[Records from a data collection]
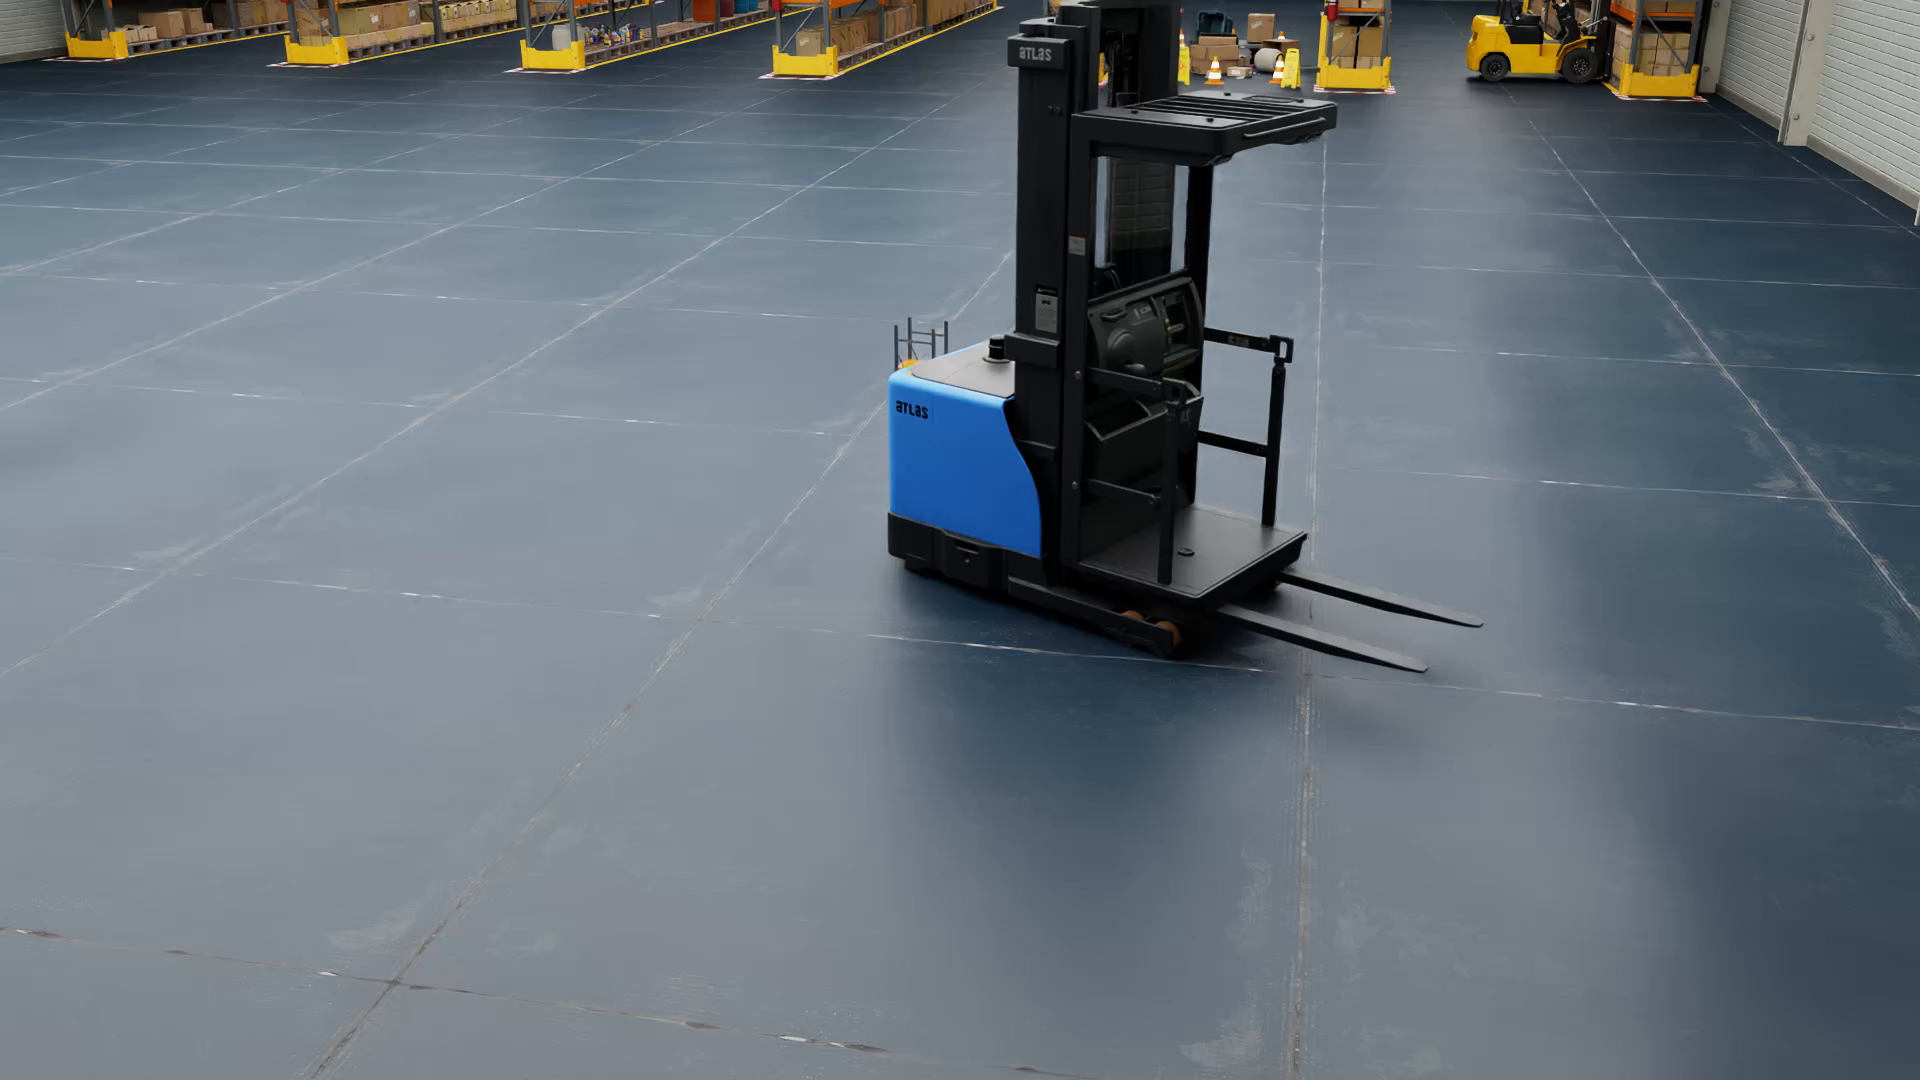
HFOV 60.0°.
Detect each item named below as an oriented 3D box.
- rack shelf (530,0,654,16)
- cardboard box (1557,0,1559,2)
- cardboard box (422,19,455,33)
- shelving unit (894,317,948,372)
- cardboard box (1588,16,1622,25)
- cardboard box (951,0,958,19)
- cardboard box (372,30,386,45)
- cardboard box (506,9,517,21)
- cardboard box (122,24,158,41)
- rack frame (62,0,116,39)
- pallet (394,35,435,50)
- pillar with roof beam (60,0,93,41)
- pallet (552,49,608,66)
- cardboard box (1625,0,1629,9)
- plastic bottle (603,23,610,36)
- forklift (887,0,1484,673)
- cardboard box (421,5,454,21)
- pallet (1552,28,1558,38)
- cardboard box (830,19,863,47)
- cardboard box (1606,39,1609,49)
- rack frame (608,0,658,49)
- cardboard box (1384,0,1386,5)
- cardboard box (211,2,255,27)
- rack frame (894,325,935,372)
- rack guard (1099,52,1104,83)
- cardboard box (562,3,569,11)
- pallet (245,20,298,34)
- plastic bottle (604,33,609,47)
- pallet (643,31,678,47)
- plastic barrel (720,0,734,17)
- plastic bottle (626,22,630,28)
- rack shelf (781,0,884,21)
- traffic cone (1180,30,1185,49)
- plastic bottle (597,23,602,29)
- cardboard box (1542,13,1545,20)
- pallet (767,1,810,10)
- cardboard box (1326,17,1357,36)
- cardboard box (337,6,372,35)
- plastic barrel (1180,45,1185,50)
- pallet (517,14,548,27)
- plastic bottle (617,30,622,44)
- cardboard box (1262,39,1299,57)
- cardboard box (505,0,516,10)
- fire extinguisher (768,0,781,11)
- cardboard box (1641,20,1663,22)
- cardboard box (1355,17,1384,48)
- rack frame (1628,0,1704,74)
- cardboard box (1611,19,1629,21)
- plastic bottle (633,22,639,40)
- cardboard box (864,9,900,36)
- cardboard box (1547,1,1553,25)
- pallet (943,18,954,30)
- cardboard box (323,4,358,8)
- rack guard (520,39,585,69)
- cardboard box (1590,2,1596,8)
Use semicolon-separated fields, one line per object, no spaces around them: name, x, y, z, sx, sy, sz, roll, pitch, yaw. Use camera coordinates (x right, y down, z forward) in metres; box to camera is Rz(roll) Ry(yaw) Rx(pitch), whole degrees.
rack shelf;-7.313;-10.778;33.063;1.077;0.370;4.000;4;22;11
cardboard box;13.782;-12.282;37.751;0.380;0.149;0.250;3;22;8
cardboard box;-11.428;-11.270;36.441;0.500;0.250;0.500;4;22;10
shelving unit;-0.212;-0.629;9.308;0.258;1.200;0.189;9;23;20
cardboard box;12.767;-9.901;32.540;0.875;0.625;0.625;4;22;10
cardboard box;-0.716;-13.038;39.994;1.225;0.875;0.875;4;22;9
cardboard box;-12.041;-10.224;33.842;0.500;0.250;0.500;4;22;11
cardboard box;-10.806;-12.393;39.230;0.500;0.250;0.500;5;22;12
cardboard box;-17.074;-10.547;34.537;0.500;0.311;0.500;6;23;15
rack frame;-17.420;-11.136;32.988;1.000;3.000;0.127;4;22;11
pallet;-11.957;-10.641;35.493;1.003;0.211;1.213;4;22;11
pillar with roof beam;-13.909;-13.912;31.852;9.100;9.000;0.400;4;22;11
pallet;-7.581;-9.415;32.448;1.003;0.211;1.213;4;22;11
cardboard box;11.647;-9.306;28.311;0.500;0.500;0.500;5;23;13
plastic bottle;-7.335;-10.544;34.476;0.144;0.351;0.185;4;22;11
forklift;1.072;-1.025;7.975;3.031;2.935;1.130;17;27;36
cardboard box;-11.425;-11.534;36.345;0.500;0.311;0.500;5;22;11
pallet;13.762;-11.218;36.924;1.003;0.211;1.213;4;22;11
cardboard box;-2.286;-10.148;33.319;0.500;0.500;0.500;12;25;28
cardboard box;11.786;-8.779;29.586;0.500;0.250;0.500;4;22;11
rack frame;-6.905;-11.843;34.745;1.000;3.000;0.127;4;22;11
cardboard box;7.272;-9.424;29.073;0.380;0.149;0.250;4;22;9
cardboard box;-16.470;-11.914;37.677;0.700;0.500;0.500;5;23;13
rack frame;-0.247;-0.597;9.229;0.240;1.200;0.006;9;23;20
rack guard;1.958;-8.419;29.590;1.175;0.500;0.348;4;22;11
cardboard box;-10.153;-13.627;41.930;0.500;0.500;0.500;5;22;12
pallet;-16.199;-12.037;38.960;1.003;0.211;1.213;4;22;11
plastic bottle;-7.046;-9.958;33.128;0.097;0.271;0.097;0;22;0
pallet;-6.783;-10.840;35.986;1.003;0.211;1.213;4;22;11
plastic barrel;-5.775;-12.976;40.222;0.600;0.588;0.708;4;22;11
plastic bottle;-6.895;-10.572;34.546;0.144;0.351;0.185;4;22;11
rack shelf;-2.464;-10.401;32.126;1.077;0.370;4.000;4;22;11
traffic cone;4.531;-10.249;34.183;0.336;0.463;0.334;4;22;11
plastic bottle;-7.476;-10.555;34.503;0.144;0.351;0.185;5;22;12
cardboard box;13.964;-12.358;39.276;0.380;0.149;0.250;4;22;9
pallet;-4.663;-14.640;45.421;1.003;0.211;1.213;4;22;11
cardboard box;7.055;-9.396;30.783;0.500;0.500;0.500;6;23;14
cardboard box;-12.142;-10.389;33.248;0.500;0.500;0.500;4;22;11
plastic barrel;4.049;-9.324;31.938;0.421;0.421;0.512;-16;27;-35
pallet;-10.748;-12.662;40.510;1.003;0.211;1.213;4;22;11
plastic bottle;-6.914;-10.194;33.714;0.097;0.271;0.097;0;22;0
cardboard box;6.095;-9.264;31.683;0.500;0.500;0.500;-16;27;-35
cardboard box;-10.803;-12.654;39.127;0.500;0.311;0.500;5;22;12
fire extinguisher;-3.347;-9.960;30.173;0.296;0.674;0.183;4;22;11
cardboard box;12.506;-9.335;30.298;0.500;0.250;0.500;4;22;10
cardboard box;7.582;-9.368;30.713;0.500;0.500;0.500;6;23;14
rack frame;11.689;-8.870;27.363;1.000;3.000;0.127;4;22;11
cardboard box;11.985;-9.377;30.402;0.500;0.250;0.500;4;22;11
plastic bottle;-6.754;-10.561;34.518;0.144;0.351;0.185;4;22;9
cardboard box;-1.680;-11.111;35.684;0.700;0.500;0.500;3;22;6
cardboard box;13.819;-12.135;38.252;0.500;0.500;0.500;5;23;13
pallet;-0.754;-12.363;39.767;1.003;0.211;1.213;4;22;11
cardboard box;-12.562;-10.612;33.803;0.500;0.500;0.500;4;22;11
rack guard;-7.752;-9.252;31.658;1.175;0.500;0.348;4;22;11
cardboard box;13.786;-11.491;35.787;0.380;0.149;0.250;5;22;12

- Assignment:
Could you restate, word for word, the lines above from the one with "- cardboard box (1557,0,1559,2)" to the one with "- plastic barrel (720,0,734,17)", both included?

- Exercise solution:
- cardboard box (1557,0,1559,2)
- cardboard box (422,19,455,33)
- shelving unit (894,317,948,372)
- cardboard box (1588,16,1622,25)
- cardboard box (951,0,958,19)
- cardboard box (372,30,386,45)
- cardboard box (506,9,517,21)
- cardboard box (122,24,158,41)
- rack frame (62,0,116,39)
- pallet (394,35,435,50)
- pillar with roof beam (60,0,93,41)
- pallet (552,49,608,66)
- cardboard box (1625,0,1629,9)
- plastic bottle (603,23,610,36)
- forklift (887,0,1484,673)
- cardboard box (421,5,454,21)
- pallet (1552,28,1558,38)
- cardboard box (830,19,863,47)
- cardboard box (1606,39,1609,49)
- rack frame (608,0,658,49)
- cardboard box (1384,0,1386,5)
- cardboard box (211,2,255,27)
- rack frame (894,325,935,372)
- rack guard (1099,52,1104,83)
- cardboard box (562,3,569,11)
- pallet (245,20,298,34)
- plastic bottle (604,33,609,47)
- pallet (643,31,678,47)
- plastic barrel (720,0,734,17)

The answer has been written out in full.